Kedua, membenahi sistem DHE dengan fokus ke sisi insentif. Salah satu yang disorotinya adalah kebijakan Peraturan Bank Indonesia atau PBI No. 21/14/PBI/2019 tentang Devisa Hasil Ekspor dan Devisa Pembayaran Impor (PBI DHE dan DPI).
"Jadi mungkin kebijakan PBI 2019 perlu diperbaiki agar orang-orang tertarik menempatkan dananya di Indonesia dan itu bisa ditanya apa sebenarnya yang menjadi problem mereka dan berapa sih costnya sehingga mereka tidak mau menaruh uangnya di Indoensia," kata Aviliani.
Langkah ketiga lebih bersifat jangka menengah dan panjang. Dia melihat pemerintah dan semua pihak harus memperkuat basis industrinya. Menurutnya, 10-20 tahun terakhir, industri di dalam negeri tidak ada perubahan.

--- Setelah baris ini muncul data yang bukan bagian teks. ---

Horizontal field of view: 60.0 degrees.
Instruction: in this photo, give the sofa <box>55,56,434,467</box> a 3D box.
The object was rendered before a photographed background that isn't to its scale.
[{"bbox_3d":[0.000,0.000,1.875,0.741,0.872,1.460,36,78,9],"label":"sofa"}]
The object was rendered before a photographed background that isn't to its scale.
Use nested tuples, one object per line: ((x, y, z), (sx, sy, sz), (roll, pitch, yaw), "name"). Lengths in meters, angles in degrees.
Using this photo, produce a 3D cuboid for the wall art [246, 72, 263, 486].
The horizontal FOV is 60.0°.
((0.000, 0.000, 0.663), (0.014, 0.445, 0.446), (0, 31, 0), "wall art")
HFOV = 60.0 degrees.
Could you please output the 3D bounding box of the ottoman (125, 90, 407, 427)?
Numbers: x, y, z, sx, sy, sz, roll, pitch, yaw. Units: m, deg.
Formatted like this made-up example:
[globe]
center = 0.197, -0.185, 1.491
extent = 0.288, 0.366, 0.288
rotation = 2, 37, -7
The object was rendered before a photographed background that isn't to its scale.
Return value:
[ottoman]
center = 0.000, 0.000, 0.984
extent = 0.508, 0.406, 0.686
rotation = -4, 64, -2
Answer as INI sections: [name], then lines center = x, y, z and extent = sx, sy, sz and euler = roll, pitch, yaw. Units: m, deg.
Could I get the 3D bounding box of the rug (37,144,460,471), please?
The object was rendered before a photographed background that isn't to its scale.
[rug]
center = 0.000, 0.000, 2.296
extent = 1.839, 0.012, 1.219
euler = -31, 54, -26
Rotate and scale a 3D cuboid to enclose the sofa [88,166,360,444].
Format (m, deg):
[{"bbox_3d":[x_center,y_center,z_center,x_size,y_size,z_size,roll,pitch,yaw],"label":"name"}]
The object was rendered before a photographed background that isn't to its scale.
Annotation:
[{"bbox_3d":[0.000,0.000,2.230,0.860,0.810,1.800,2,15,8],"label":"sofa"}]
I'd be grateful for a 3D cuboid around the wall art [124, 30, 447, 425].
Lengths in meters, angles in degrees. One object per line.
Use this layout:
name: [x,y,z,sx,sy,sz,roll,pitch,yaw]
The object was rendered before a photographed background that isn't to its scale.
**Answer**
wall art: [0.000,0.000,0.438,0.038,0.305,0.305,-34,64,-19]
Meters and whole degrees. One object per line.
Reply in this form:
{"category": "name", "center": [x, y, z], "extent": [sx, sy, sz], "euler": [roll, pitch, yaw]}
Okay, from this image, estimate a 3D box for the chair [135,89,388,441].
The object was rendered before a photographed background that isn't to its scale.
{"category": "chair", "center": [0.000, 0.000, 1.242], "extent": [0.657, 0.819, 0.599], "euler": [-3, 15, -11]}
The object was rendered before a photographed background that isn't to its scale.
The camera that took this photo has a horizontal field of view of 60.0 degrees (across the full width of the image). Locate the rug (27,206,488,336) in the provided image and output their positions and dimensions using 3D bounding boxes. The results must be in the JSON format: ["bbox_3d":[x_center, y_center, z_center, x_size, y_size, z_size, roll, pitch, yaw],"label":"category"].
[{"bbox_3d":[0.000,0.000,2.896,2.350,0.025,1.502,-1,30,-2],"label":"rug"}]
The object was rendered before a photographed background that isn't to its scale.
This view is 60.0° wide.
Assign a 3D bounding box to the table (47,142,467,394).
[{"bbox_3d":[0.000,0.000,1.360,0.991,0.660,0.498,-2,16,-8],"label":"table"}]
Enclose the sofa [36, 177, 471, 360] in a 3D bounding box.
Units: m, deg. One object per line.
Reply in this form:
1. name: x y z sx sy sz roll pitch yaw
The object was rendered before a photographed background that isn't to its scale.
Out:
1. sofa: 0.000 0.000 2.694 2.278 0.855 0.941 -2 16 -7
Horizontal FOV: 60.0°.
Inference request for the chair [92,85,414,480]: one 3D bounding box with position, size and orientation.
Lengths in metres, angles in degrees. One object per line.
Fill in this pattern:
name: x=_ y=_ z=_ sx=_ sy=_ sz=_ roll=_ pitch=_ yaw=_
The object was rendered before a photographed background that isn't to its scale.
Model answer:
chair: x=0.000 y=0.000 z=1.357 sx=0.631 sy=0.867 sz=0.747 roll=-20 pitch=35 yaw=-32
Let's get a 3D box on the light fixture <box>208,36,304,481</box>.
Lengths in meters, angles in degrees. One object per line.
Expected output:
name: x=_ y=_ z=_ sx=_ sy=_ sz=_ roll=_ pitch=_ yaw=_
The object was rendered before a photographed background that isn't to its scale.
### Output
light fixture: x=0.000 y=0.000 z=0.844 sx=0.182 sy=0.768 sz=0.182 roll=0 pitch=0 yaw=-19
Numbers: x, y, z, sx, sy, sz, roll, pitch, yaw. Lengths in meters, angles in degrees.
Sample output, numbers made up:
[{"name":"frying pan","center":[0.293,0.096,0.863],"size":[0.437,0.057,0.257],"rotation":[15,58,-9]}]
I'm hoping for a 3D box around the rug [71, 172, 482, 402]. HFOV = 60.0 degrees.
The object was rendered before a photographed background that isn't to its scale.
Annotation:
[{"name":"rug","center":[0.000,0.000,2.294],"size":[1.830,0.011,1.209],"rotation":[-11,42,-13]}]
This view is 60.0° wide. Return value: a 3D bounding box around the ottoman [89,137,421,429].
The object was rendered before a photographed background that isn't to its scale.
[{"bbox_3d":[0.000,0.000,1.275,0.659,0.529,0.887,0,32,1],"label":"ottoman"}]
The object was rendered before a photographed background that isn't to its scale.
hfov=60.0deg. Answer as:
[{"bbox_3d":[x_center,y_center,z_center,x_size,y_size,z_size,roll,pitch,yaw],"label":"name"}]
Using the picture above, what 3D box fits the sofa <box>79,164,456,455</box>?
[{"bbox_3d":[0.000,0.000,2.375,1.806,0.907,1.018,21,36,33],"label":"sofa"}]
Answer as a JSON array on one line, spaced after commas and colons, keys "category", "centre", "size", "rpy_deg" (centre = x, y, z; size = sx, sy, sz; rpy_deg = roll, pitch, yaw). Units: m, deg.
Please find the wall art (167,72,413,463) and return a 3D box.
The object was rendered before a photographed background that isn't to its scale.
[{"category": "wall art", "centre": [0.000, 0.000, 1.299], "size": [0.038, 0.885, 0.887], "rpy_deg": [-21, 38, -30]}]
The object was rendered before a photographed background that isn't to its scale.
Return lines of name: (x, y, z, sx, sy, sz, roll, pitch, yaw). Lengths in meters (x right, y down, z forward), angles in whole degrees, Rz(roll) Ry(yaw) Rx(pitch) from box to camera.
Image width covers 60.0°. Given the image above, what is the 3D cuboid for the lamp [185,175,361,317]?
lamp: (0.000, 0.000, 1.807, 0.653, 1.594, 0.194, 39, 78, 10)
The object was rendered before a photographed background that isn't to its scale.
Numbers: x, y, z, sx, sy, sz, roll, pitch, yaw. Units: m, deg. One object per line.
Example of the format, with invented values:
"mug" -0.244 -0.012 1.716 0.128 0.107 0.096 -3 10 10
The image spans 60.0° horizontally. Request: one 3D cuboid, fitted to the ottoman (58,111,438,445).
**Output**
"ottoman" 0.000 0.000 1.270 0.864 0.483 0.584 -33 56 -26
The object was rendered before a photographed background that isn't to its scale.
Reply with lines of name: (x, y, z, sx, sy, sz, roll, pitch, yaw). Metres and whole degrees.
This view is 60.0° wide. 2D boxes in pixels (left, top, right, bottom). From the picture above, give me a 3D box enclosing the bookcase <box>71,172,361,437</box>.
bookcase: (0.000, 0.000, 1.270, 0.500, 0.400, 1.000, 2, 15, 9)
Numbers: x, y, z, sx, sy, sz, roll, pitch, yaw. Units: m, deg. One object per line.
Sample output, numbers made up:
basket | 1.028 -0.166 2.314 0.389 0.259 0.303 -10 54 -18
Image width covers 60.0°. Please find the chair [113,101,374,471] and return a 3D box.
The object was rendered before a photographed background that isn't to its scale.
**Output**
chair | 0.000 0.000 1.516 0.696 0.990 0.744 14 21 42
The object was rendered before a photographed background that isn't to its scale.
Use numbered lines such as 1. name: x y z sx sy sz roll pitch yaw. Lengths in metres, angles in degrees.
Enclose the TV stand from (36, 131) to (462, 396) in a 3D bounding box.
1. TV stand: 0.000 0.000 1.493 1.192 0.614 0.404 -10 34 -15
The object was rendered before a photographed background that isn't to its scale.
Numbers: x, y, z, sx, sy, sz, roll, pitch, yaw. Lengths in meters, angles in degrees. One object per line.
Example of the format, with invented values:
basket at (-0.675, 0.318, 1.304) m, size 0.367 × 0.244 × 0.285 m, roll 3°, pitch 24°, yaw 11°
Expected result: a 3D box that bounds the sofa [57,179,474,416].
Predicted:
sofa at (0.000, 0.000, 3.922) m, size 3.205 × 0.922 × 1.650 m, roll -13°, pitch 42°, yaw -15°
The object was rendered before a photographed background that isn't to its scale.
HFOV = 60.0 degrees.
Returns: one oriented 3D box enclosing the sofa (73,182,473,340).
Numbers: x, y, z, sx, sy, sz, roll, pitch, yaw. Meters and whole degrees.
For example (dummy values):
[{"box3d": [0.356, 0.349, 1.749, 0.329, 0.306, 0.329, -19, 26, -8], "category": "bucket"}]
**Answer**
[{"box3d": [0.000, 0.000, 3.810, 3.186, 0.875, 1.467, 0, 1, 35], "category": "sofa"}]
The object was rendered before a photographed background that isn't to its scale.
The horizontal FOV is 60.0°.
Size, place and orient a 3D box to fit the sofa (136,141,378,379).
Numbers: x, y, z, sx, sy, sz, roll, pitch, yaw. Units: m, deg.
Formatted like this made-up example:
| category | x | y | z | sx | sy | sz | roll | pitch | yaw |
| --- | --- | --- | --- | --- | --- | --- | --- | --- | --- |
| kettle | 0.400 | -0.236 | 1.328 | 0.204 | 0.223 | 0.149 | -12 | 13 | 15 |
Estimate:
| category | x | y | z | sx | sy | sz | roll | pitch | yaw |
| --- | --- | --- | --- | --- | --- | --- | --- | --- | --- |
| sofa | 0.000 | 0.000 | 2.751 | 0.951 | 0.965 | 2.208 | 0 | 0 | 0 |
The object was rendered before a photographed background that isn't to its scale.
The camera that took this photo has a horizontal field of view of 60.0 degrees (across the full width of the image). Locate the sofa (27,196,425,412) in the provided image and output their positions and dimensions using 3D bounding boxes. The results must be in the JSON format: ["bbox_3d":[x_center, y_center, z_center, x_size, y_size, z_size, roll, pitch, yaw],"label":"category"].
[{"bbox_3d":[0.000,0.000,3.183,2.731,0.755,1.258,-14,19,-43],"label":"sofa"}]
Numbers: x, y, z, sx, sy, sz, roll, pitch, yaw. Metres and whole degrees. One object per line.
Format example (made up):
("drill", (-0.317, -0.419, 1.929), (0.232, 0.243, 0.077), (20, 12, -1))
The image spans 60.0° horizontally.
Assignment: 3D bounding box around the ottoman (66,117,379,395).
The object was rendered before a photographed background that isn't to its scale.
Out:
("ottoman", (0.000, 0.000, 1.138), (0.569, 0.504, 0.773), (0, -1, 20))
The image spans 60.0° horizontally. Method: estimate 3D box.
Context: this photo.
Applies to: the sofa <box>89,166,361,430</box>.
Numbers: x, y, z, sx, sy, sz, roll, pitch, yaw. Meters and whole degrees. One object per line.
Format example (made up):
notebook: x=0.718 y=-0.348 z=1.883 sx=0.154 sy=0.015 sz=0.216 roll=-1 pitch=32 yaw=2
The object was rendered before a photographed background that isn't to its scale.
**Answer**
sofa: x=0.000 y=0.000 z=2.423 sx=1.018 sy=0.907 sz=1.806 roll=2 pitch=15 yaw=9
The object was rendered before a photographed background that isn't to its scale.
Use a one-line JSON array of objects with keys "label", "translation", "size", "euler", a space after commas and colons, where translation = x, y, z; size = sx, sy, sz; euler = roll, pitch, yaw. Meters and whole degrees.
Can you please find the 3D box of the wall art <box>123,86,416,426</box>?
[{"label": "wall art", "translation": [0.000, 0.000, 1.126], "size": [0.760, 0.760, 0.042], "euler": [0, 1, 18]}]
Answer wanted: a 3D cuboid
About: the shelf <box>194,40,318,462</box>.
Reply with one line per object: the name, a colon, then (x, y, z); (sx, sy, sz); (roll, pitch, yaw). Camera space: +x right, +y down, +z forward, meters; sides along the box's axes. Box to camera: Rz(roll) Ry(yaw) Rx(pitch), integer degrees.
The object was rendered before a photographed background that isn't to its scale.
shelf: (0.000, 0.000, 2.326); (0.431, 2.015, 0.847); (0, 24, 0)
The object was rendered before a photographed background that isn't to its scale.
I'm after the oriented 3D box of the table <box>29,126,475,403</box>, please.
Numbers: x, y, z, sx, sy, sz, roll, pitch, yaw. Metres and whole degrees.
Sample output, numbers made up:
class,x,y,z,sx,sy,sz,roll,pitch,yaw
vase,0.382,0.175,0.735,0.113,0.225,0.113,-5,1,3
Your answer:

Alih-alih berubah, produktivitas industrinya malah makin turun. Akibatnya, lanjut Aviliani, DHE Indonesia makin turun karena produktivitas yang lesu tadi.
"Kalaupun naik karena harga, tetapi kalau harga turun lagi tahun depan kemungkinan ya turun lagi. Menengah panjang basis industri itu harus didukung."
Keempat, pengetatan impor di sisi e-commerce. Di era digitalisasi seperti ini, Aviliani melihat banyak sekali barang impor perdagangan dari e-commerce. Ketika impor di e-commerce tidak terkendali, ini akan menyebabkan kondisi likuditas valas kita semakin rendah.
Dia berharap komitmen pemerintah untuk mendukung pembelian produk dalam negeri harus terus diperkuat. Selain itu, sikap ini harus dibarengi dengan kemandirian pangan dan energi.
"Itu juga untuk mengurangi devisa keluar," tegasnya.
Kelima, dia menuturkan devisa Indonesia bocor di sisi reasuransi. Selama ini, nilai asuransi masyarakat di dalam negeri cukup besar. Namun, Indonesia harus mengeluarkan dana reasuransi ke luar negeri.
"Nah, di Indonesia perlu adanya perusahan BUMN reasurani yang sangat besar yang bisa menampung asuransi-asuransi gedung-gedung yang selama ini direasuransi," tambah Aviliani.
Keenam, masalah klasik terkait transportasi. Selama ini, kegiatan ekspor dan impor masih menggunakan armada asing. Persiapan membangun transportasi yang kuat untuk menangani ekspor dan impor harus terus dilakukan.
Hal-hal ini, kata Aviliani, yang harus menjadi fokus pemerintah agar devisa negara tetap kuat dan likuiditas valas terjaga.